GTPP Denpasar Rutin Pantau dan Bina Desa serta Pasar Rakyat

    DENPASAR, Kilasbali.com -Penyebaran Covid-19 saat ini terjadi pada kasus transmisi lokal, bahkan klaster terbanyak terjadi di pasar dan keluarga. Untuk mengantisipasi dan mencegah penularan semakin meluas Tim Gugus Tugas Percepatan Penanganan Covid-19 Denpasar dan Dinas Pemberdayaan Masyarakat Desa (DPMD) Kota Denpasar gencar melakukan pemantauan dan pembinaan ke desa-desa dan Pasar Rakyat di Kota Denpasar.

    Kali ini pemantauan dan pembinaan dilakukan di Lingkungan Desa Ubung Kaja dan Pasar yang ada di wilayah tersebut. Hal ini disampaikan Kepala Dinas DPMD Kota Denpasar I.B Alit Wiradana saat ditemui Kamis (2/7/2020).

    Lebih lanjut mengatakan, pemantauan dan pembinaan yang dilakukannya bersama Satgas Desa dan Satgas Banjar adalah untuk mengantisipasi dan mencegah terjadinya penularan Covid-19. Mengingat saat ini penularan banyak terjadi pada transmisi lokal.

    Sehingga dalam pemantauan dan pembinaan ini, pihaknya memberikan imbauan kepada masyarakat Desa Ubung Kaja agar selalu menjaga kebersihan lingkungan dan selalu mengikuti protokol kesehatan yang telah ditentukan oleh pemerintah.

    Baca Juga:  DPRD Tabanan Tetapkan Rekomendasi LKPJ Bupati Tahun Anggaran 2023

    Yakni selalu menjaga kebersihan, menggunakan masker, menjaga jarak, rutin mencuci tangan menggunakan sabun dan air mengalir, tidak keluar rumah jika tidak ada keperluan yang mendesak. Selain itu masyarakat juga harus menyediakan tempat cuci tangan di depan pintu masuk rumah.

    “Dengan demikian ketika pemilik rumah atau tamu yang baru datang bisa cuci tangan terlebih dahulu sebelum masuk rumah,” ungkap Alit Wiradana.

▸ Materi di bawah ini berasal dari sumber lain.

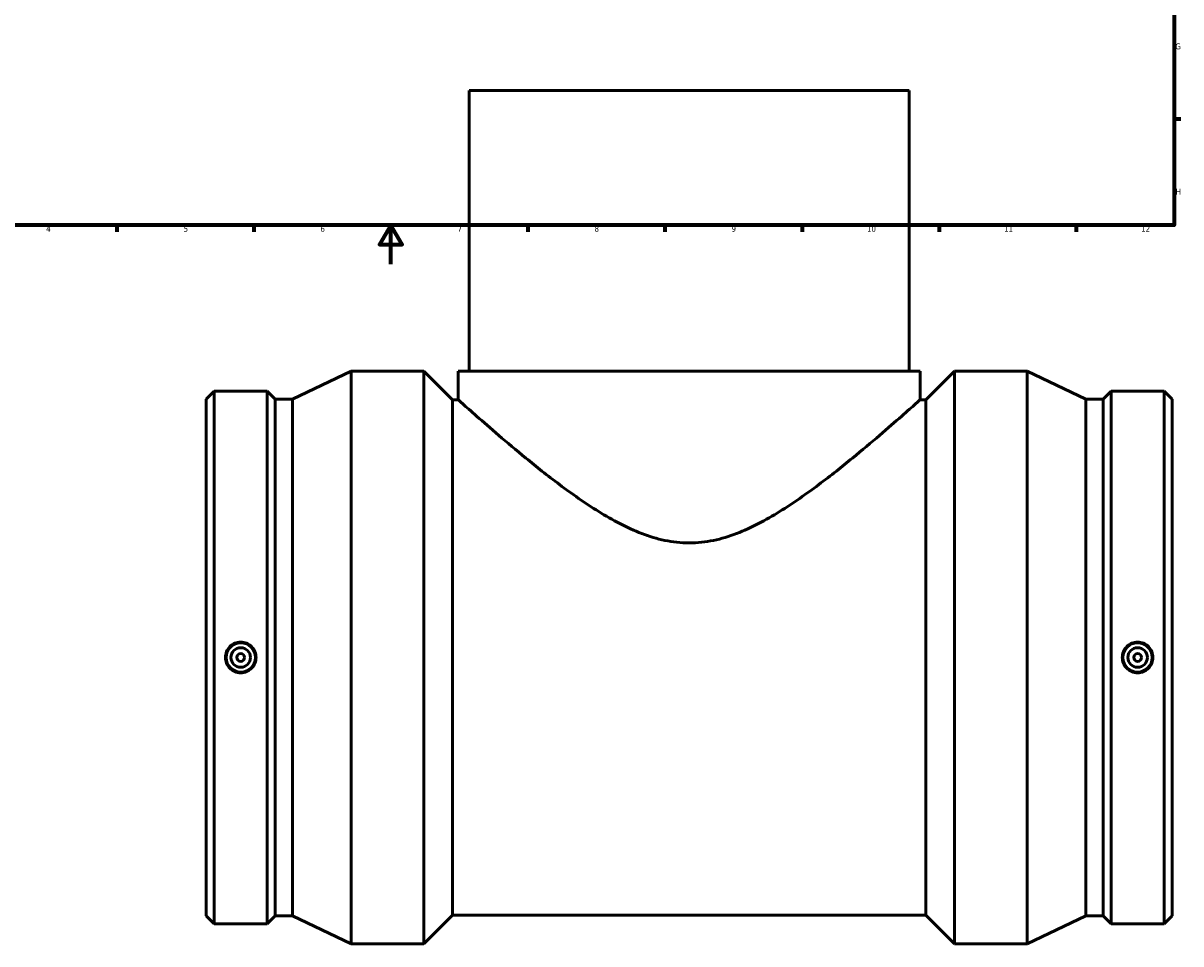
# Model space of a CAD drawing. Header units: millimetres. Extents: x -296 to 1653, y -348 to 1697.
# Tile 2 of 8: x 232 to 824, y -348 to 123. Entities that reach past the tile are written whole.
import ezdxf

# ---------------------------------------------------------------- set-up
doc = ezdxf.new("R2010")
doc.units = ezdxf.units.MM
doc.layers.add('Border (ANSI)', color=7, linetype='Continuous', lineweight=70)
doc.layers.add('Visible (ANSI)', color=7, linetype='Continuous', lineweight=50)
doc.styles.add('Note Text (ANSI)', font='tahoma.ttf')

# ---------------------------------------------------------------- blocks, each defined once
blk = doc.blocks.new('Borders Default Border')
at = {"layer": 'Border (ANSI)'}
for p, q in [((821, 74.25), (824.45, 74.25)), ((280.33, 20), (280.33, 16.55)), ((350.42, 20), (350.42, 16.55)), ((490.58, 20), (490.58, 16.55)), ((560.67, 20), (560.67, 16.55)), ((630.75, 20), (630.75, 16.55)), ((700.83, 20), (700.83, 16.55)), ((770.92, 20), (770.92, 16.55))]:
    blk.add_line(p, q, dxfattribs=at)
at = {"layer": 'Border (ANSI)', "flags": 128}
for points in [[(20, 20), (20, 574), (821, 574), (821, 20), (20, 20)], [(420.5, 0), (420.5, 20), (414.73, 10), (426.27, 10), (420.5, 20)]]:
    blk.add_lwpolyline(points, dxfattribs=at)
at = {"layer": 'Border (ANSI)', "color": 230, "true_color": 0xff0080, "attachment_point": 7, "style": 'Note Text (ANSI)'}
for s, insert, char_height in [('G', (821.66, 109.79), 3.05), ('H', (821.81, 35.6), 3.05), ('4', (244.23, 16.55), 3.05), ('5', (314.48, 16.49), 3.05), ('6', (384.49, 16.49), 3.05), ('7', (454.6, 16.55), 3.05), ('8', (524.63, 16.48), 3.05), ('9', (594.7, 16.49), 3.05), ('10', (663.96, 16.49), 3.048), ('11', (734.04, 16.55), 3.048), ('12', (804.13, 16.55), 3.048)]:
    blk.add_mtext(s, dxfattribs=dict(at, insert=insert, char_height=char_height))

msp = doc.modelspace()

# ---------------------------------------------------------------- linework, layer by layer
at = {"layer": 'Visible (ANSI)'}
for p, q in [((685.531, 88.779), (460.531, 88.779)), ((460.531, 88.779), (460.531, -54.721)), ((685.531, 88.779), (685.531, -54.721)), ((370.256, -69.064), (400.131, -54.721)), ((400.131, -347.721), (400.131, -54.721)), ((400.131, -54.721), (437.351, -54.721)), ((437.351, -347.721), (437.351, -54.721)), ((452.001, -69.371), (437.351, -54.721)), ((454.906, -54.721), (691.156, -54.721)), ((454.906, -54.721), (454.906, -69.371)), ((691.156, -54.721), (691.156, -69.371)), ((694.061, -69.371), (708.711, -54.721)), ((708.711, -347.721), (708.711, -54.721)), ((708.711, -54.721), (745.931, -54.721)), ((745.931, -347.721), (745.931, -54.721)), ((775.806, -69.064), (745.931, -54.721)), ((326.031, -69.064), (330.119, -64.976)), ((330.119, -337.466), (330.119, -64.976)), ((330.119, -64.976), (357.324, -64.976)), ((357.324, -337.466), (357.324, -64.976)), ((361.411, -69.064), (357.324, -64.976)), ((784.651, -69.064), (788.739, -64.976)), ((788.739, -337.466), (788.739, -64.976)), ((788.739, -64.976), (815.944, -64.976)), ((815.944, -337.466), (815.944, -64.976)), ((820.031, -69.064), (815.944, -64.976)), ((326.031, -333.379), (326.031, -69.064)), ((361.411, -333.379), (361.411, -69.064)), ((361.411, -69.064), (370.256, -69.064)), ((370.256, -333.379), (370.256, -69.064)), ((452.001, -333.071), (452.001, -69.371)), ((452.001, -69.371), (454.906, -69.371)), ((691.156, -69.371), (694.061, -69.371)), ((694.061, -333.071), (694.061, -69.371)), ((775.806, -333.379), (775.806, -69.064)), ((775.806, -69.064), (784.651, -69.064)), ((784.651, -333.379), (784.651, -69.064)), ((820.031, -333.379), (820.031, -69.064)), ((326.031, -333.379), (330.119, -337.466)), ((361.411, -333.379), (357.324, -337.466)), ((361.411, -333.379), (370.256, -333.379)), ((370.256, -333.379), (400.131, -347.721)), ((452.001, -333.071), (437.351, -347.721)), ((452.001, -333.071), (694.061, -333.071)), ((694.061, -333.071), (708.711, -347.721)), ((775.806, -333.379), (745.931, -347.721)), ((775.806, -333.379), (784.651, -333.379)), ((784.651, -333.379), (788.739, -337.466)), ((820.031, -333.379), (815.944, -337.466)), ((330.119, -337.466), (357.324, -337.466)), ((788.739, -337.466), (815.944, -337.466)), ((400.131, -347.721), (437.351, -347.721)), ((708.711, -347.721), (745.931, -347.721))]:
    msp.add_line(p, q, dxfattribs=at)
for centre, radius in [((343.721, -201.221), 7.5), ((802.341, -201.221), 7.5), ((343.721, -201.221), 5), ((343.721, -201.221), 2), ((802.341, -201.221), 5), ((802.341, -201.221), 2)]:
    msp.add_circle(centre, radius, dxfattribs=at)
for points, knots in [([(691.156, -69.371), (691.156, -69.371), (690.339, -70.105), (687.083, -73.01), (684.644, -75.181), (678.421, -80.657), (674.63, -83.968), (666.134, -91.248), (661.428, -95.216), (651.325, -103.488), (645.508, -108.126), (632.997, -117.498), (626.307, -122.235), (615.784, -128.757), (612.198, -130.829), (604.867, -134.629), (601.122, -136.357), (593.45, -139.292), (589.524, -140.498), (581.452, -142.177), (577.307, -142.647), (568.756, -142.647), (564.61, -142.177), (556.539, -140.498), (552.613, -139.292), (544.941, -136.357), (541.196, -134.629), (533.865, -130.829), (530.278, -128.757), (519.756, -122.235), (513.066, -117.498), (500.554, -108.126), (494.737, -103.488), (484.634, -95.216), (479.929, -91.248), (471.432, -83.968), (467.642, -80.657), (461.418, -75.181), (458.98, -73.01), (455.723, -70.105), (454.906, -69.371), (454.906, -69.371)], [19.8111463, 19.8111463, 19.8111463, 19.8111463, 22.1985535, 22.1985535, 24.5859608, 24.5859608, 26.9733681, 26.9733681, 29.3607754, 29.3607754, 31.9261547, 31.9261547, 34.4915339, 34.4915339, 35.7742236, 35.7742236, 37.0569132, 37.0569132, 38.3396029, 38.3396029, 39.6222925, 39.6222925, 40.9049821, 40.9049821, 42.1876718, 42.1876718, 43.4703614, 43.4703614, 44.7530511, 44.7530511, 47.3184303, 47.3184303, 49.8838096, 49.8838096, 52.2712169, 52.2712169, 54.6586242, 54.6586242, 57.0460315, 57.0460315, 59.4334388, 59.4334388, 59.4334388, 59.4334388]), ([(343.721, -193.373), (344.706, -193.373), (345.756, -193.571), (347.686, -194.373), (348.566, -194.978), (349.955, -196.373), (350.557, -197.255), (351.354, -199.187), (351.55, -200.237), (351.55, -202.205), (351.354, -203.255), (350.557, -205.187), (349.955, -206.07), (348.566, -207.464), (347.686, -208.069), (345.756, -208.872), (344.706, -209.07), (342.736, -209.07), (341.687, -208.872), (339.756, -208.069), (338.876, -207.464), (337.487, -206.07), (336.886, -205.187), (336.089, -203.255), (335.893, -202.205), (335.893, -200.237), (336.089, -199.187), (336.886, -197.255), (337.487, -196.373), (338.876, -194.978), (339.756, -194.373), (341.687, -193.571), (342.736, -193.373), (343.721, -193.373)], [0, 0, 0, 0, 0.2954182, 0.2954182, 0.5908365, 0.5908365, 0.8860843, 0.8860843, 1.1813321, 1.1813321, 1.4765799, 1.4765799, 1.7718277, 1.7718277, 2.0672459, 2.0672459, 2.3626641, 2.3626641, 2.6580823, 2.6580823, 2.9535006, 2.9535006, 3.2487484, 3.2487484, 3.5439962, 3.5439962, 3.839244, 3.839244, 4.1344918, 4.1344918, 4.42991, 4.42991, 4.7253282, 4.7253282, 4.7253282, 4.7253282]), ([(802.341, -209.07), (801.356, -209.07), (800.307, -208.872), (798.376, -208.069), (797.496, -207.464), (796.107, -206.07), (795.506, -205.187), (794.709, -203.255), (794.513, -202.205), (794.513, -200.237), (794.709, -199.187), (795.506, -197.255), (796.107, -196.373), (797.496, -194.978), (798.376, -194.373), (800.307, -193.571), (801.356, -193.373), (803.326, -193.373), (804.376, -193.571), (806.306, -194.373), (807.186, -194.978), (808.575, -196.373), (809.177, -197.255), (809.974, -199.187), (810.17, -200.237), (810.17, -202.205), (809.974, -203.255), (809.177, -205.187), (808.575, -206.07), (807.186, -207.464), (806.306, -208.069), (804.376, -208.872), (803.326, -209.07), (802.341, -209.07)], [0, 0, 0, 0, 0.2954182, 0.2954182, 0.5908365, 0.5908365, 0.8860843, 0.8860843, 1.1813321, 1.1813321, 1.4765799, 1.4765799, 1.7718277, 1.7718277, 2.0672459, 2.0672459, 2.3626641, 2.3626641, 2.6580823, 2.6580823, 2.9535006, 2.9535006, 3.2487484, 3.2487484, 3.5439962, 3.5439962, 3.839244, 3.839244, 4.1344918, 4.1344918, 4.42991, 4.42991, 4.7253282, 4.7253282, 4.7253282, 4.7253282])]:
    msp.add_open_spline(points, degree=3, knots=knots, dxfattribs=at)

# ---------------------------------------------------------------- block references
msp.add_blockref('Borders Default Border', (0, 0))

doc.saveas('drawing.dxf')

    Sedangkan untuk pemantauan dan pembinaan yang dilakukan di pasar pihaknya mewajibkan kepada pengelola pasar desa menyediakan tempat cuci tangan untuk pedagang maupun pengunjung.

    Baca Juga:  Mobil Bak Terguling dan Nyemplung ke Got di Jalur Denpasar-Gilimanuk

    Selain itu pengelola juga wajib mengukur suhu badan para pedagang dan pengunjung di pintu masuk pasar. Jika menemukan pengunjung yang suhu badannya melebihi batas normal agar tidak memberikan izin masuk pasar dan menyarankan pulang untuk istirahat di rumah dan periksa diri ke dokter.

    Tak hanya itu, pengelola pasar wajib mengingatkan pedagang dan pengunjung memakai masker, serta melakukan penyemprotan disinfektan setelah pasar tutup.

    Dalam kesempatan ini, Alit Wiradana juga mewajibkan kepada pedagang maupun pengunjung untuk mematuhi protokol kesehatan yang diberlakukan dan menjaga kebersihan.

    Demi menjaga keamanan dalam berjualan Alit Wiradana dalam pembinaan mewajibkan para pedagang untuk melengkapi diri dengan menggunakan masker, face shield atau pelindung wajah. Mengingat virus corona tidak bisa dideteksi secara kasat mata. Selain itu pedagang saat berjualan juga harus menjaga jarak.

    Alit Wiradana juga memberikan imbauan kepada pengelola pasar bagi yang tidak menggunakan masker agar tidak diizinkan masuk pasar.

    Baca Juga:  Penyineban Karya IBTK Tahun 2024, Pj Gubernur Bali Nuek Bagia Pula Kerti

    “Pengelola maupun pedagang ketika melihat pengunjung tidak menggunakan masker agar tidak melayaninya dan memberikan saran agar mereka balik, kita harus saling mengingatkan sehingga penularan bisa dihentikan,” tegasnya.

    Sampai saat ini pemantauan dan pembinaan yang dilakukan, Alit Wiradana mengaku belum menemukan pelanggaran yang signifikan, meskipun demikian pihaknya akan terus melakukan pemantuan di seluruh desa dan pasar desa yang ada di Kota Denpasar.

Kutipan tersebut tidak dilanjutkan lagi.